Share
April 8, 2013 3:45 AM, EDT

Auto Haulers See Major Gains as U.S. Retail Sales Surge

By Rip Watson, Senior Reporter

This story appears in the April 8 print edition of Transport Topics.

Auto haulers, who have struggled during five years of depressed sales of cars and light trucks, are finally enjoying some good times.



March vehicle sales reached 15.22 million on an annualized basis, WardsAuto.com reported April 2, keeping new car and light-truck production above 15 million for the fifth consecutive month.

“Business is good,” Robert Farrell, executive director of American Trucking Associations’ Automobile Carriers Conference, told Transport Topics. “Everyone is busy, and the trucks are full.”

The current sales pace was last seen in February 2008, before cratering during the recession, hitting a low of 9 million in February 2009.

“It is a good time to be in this industry,” Kathleen McCann, CEO of car hauler United Road Services, based in Romulus, Mich., told TT.

“The economic downturn was a painful time for many in the industry. But that is now behind us.”

“We are enjoying the tailwinds more than the headwinds,” she said. “We are seeing pretty robust growth; that’s good for our customers, drivers and the company as a whole.”

McCann said the company hasn’t faced equipment or driver recruitment challenges as the business has surged back.

“Business is a little stronger than forecast,” said Robert Griffin, president of Kansas City, Mo.-based Jack Cooper Transport, the largest car hauler in the nation.

At the same time, he added, “We are being very cautious. We don’t want to have a bunch of extra rigs out there.”

The careful approach to adding assets is needed to control costs and avoid overcapacity that has plagued the industry in the past, industry officials said.

McCann agreed it was important to remain disciplined and not commit more resources than needed.

Steve Tripp, head of worldwide vehicle transportation for vehicle maker Chrysler, told TT that trucking service has been solid, with adequate capacity almost everywhere at all times.

“They have learned a lesson from past bubbles,” he said. “Carriers seem to be adding equipment and hiring drivers at a reasonable pace. They are buying enough equipment to keep up with the market.”

He also said Chrysler chose to switch some new vehicle shipments to truck from rail because of railcar supply difficulties last month.

“Certainly, March was challenging for Chrysler and all the auto manufacturers,” he said. “We had a lot of railcar shortages.”

“In April, so far it has been markedly better,” Tripp added, saying that freight cars often are hard to find in March because of weather and production surges.

“We have some optimism that March may have been a seasonal blip that won’t continue for the rest of the year,” he said.

Until the upturn that began gradually in 2010 and picked up steam last year, car haulers’ fortunes slid along with the industry.

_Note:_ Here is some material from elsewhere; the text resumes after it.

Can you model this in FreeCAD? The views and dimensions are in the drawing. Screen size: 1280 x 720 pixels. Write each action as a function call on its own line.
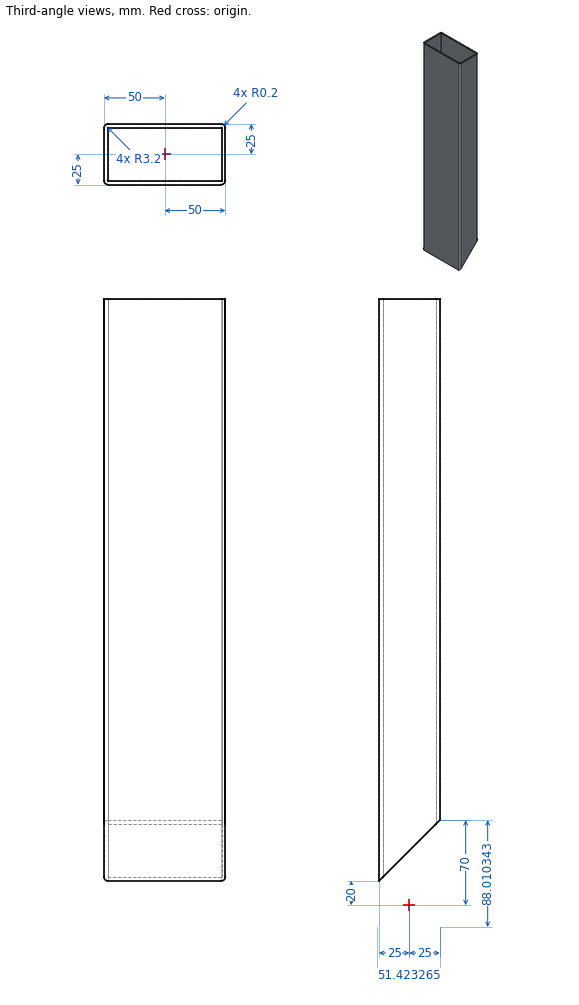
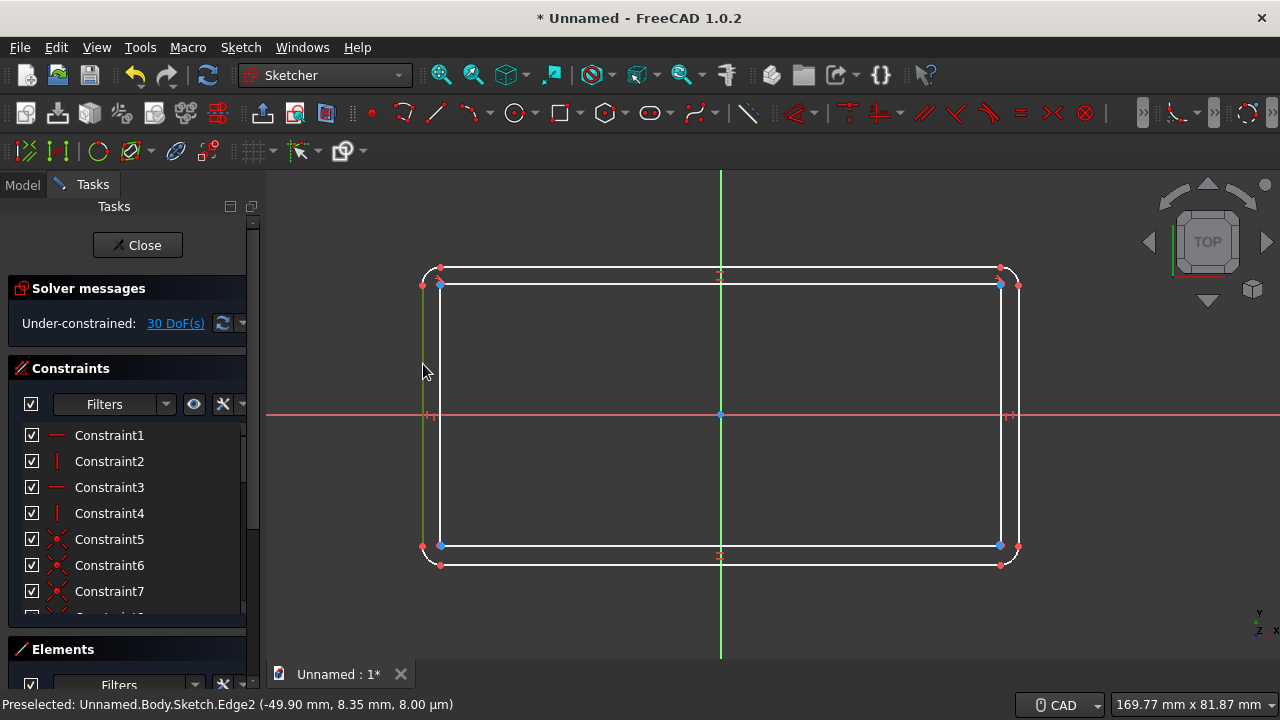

“With the economic meltdown in 2008 and 2009, carriers exited the market due to being overleveraged,” ATA’s Farrell said. “The overwhelming majority of their fleets were sold for scrap.”

One milestone was the 2008 shutdown of Performance Transportation Services, then the second-largest car hauler, following a Teamsters strike.

Allied Systems Holdings, which once was the largest auto hauler, survived a long-running labor problem and a bankruptcy before a dispute with automakers in 2011 led to lost business that was picked up by Jack Cooper Transport. The following year, Allied’s debt-holders filed an involuntary bankruptcy petition against the Atlanta-based company.

The company didn’t return calls seeking comment on its current business levels.

It’s also a good time for fleets supplying the automotive sector, said Shepard Dunn, president of Bestway Express, Vincennes, Ind.

“Pent-up demand appears to be driving the high auto sales,” he told TT, predicting a surge in demand for trucking until the auto plants’ summer shutdown. “That’s good, America needs it. The good news is that tells me we might be getting closer to the normal freight volumes we are used to.”